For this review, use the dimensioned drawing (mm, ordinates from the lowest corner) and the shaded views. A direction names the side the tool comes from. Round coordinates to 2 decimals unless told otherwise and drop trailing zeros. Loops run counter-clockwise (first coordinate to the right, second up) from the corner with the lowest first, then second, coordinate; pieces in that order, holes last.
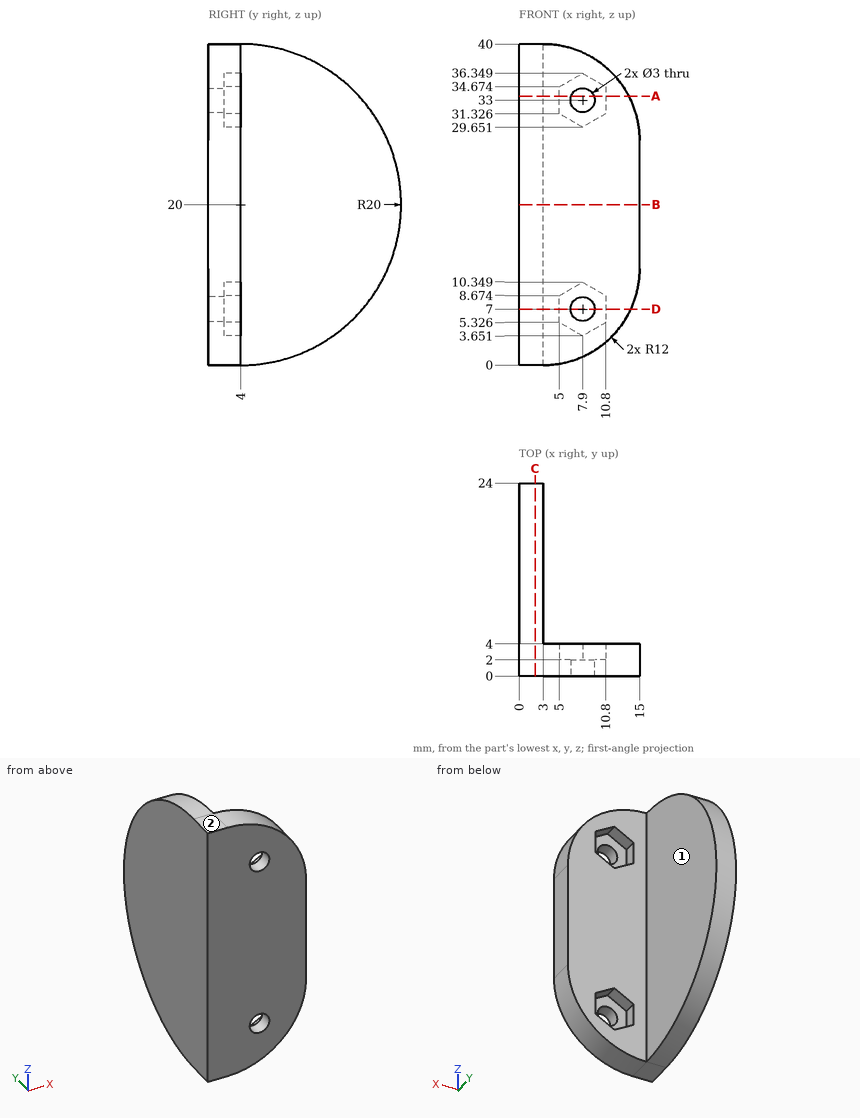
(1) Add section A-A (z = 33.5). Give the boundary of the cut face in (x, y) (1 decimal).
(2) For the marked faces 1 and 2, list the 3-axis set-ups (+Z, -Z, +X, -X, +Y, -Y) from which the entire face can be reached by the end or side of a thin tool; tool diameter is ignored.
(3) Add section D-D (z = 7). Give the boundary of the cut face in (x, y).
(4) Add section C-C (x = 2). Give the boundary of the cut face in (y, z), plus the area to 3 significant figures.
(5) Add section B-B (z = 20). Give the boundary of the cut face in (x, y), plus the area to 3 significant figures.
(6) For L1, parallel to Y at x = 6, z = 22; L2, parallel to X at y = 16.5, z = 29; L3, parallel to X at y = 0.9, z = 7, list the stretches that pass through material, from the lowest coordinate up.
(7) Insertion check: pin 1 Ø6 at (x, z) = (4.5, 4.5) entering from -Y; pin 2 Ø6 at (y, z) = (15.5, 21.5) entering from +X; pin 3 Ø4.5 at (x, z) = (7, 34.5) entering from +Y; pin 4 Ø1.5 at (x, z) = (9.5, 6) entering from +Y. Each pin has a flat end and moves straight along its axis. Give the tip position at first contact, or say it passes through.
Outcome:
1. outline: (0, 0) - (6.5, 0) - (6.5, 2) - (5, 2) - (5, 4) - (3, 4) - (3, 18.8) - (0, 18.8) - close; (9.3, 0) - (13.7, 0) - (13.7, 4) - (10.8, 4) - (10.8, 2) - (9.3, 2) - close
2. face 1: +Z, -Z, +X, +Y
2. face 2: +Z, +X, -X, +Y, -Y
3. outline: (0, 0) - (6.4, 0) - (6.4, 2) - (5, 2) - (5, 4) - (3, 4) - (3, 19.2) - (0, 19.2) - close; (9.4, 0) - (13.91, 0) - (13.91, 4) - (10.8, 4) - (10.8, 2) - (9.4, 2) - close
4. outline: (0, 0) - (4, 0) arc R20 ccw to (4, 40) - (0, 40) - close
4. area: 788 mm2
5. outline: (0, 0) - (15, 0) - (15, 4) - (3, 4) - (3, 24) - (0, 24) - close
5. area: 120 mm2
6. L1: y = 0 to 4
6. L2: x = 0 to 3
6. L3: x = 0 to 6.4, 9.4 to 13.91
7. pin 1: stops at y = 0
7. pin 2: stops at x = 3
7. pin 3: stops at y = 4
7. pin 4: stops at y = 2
· · · ·
*TASK DESCRIPTION*
Nothing but the lines from the one containing "4. area: 788 mm2" through the last line of the material should be returned, each exactly as written, both ends included.

*WRITTEN SOLUTION*
4. area: 788 mm2
5. outline: (0, 0) - (15, 0) - (15, 4) - (3, 4) - (3, 24) - (0, 24) - close
5. area: 120 mm2
6. L1: y = 0 to 4
6. L2: x = 0 to 3
6. L3: x = 0 to 6.4, 9.4 to 13.91
7. pin 1: stops at y = 0
7. pin 2: stops at x = 3
7. pin 3: stops at y = 4
7. pin 4: stops at y = 2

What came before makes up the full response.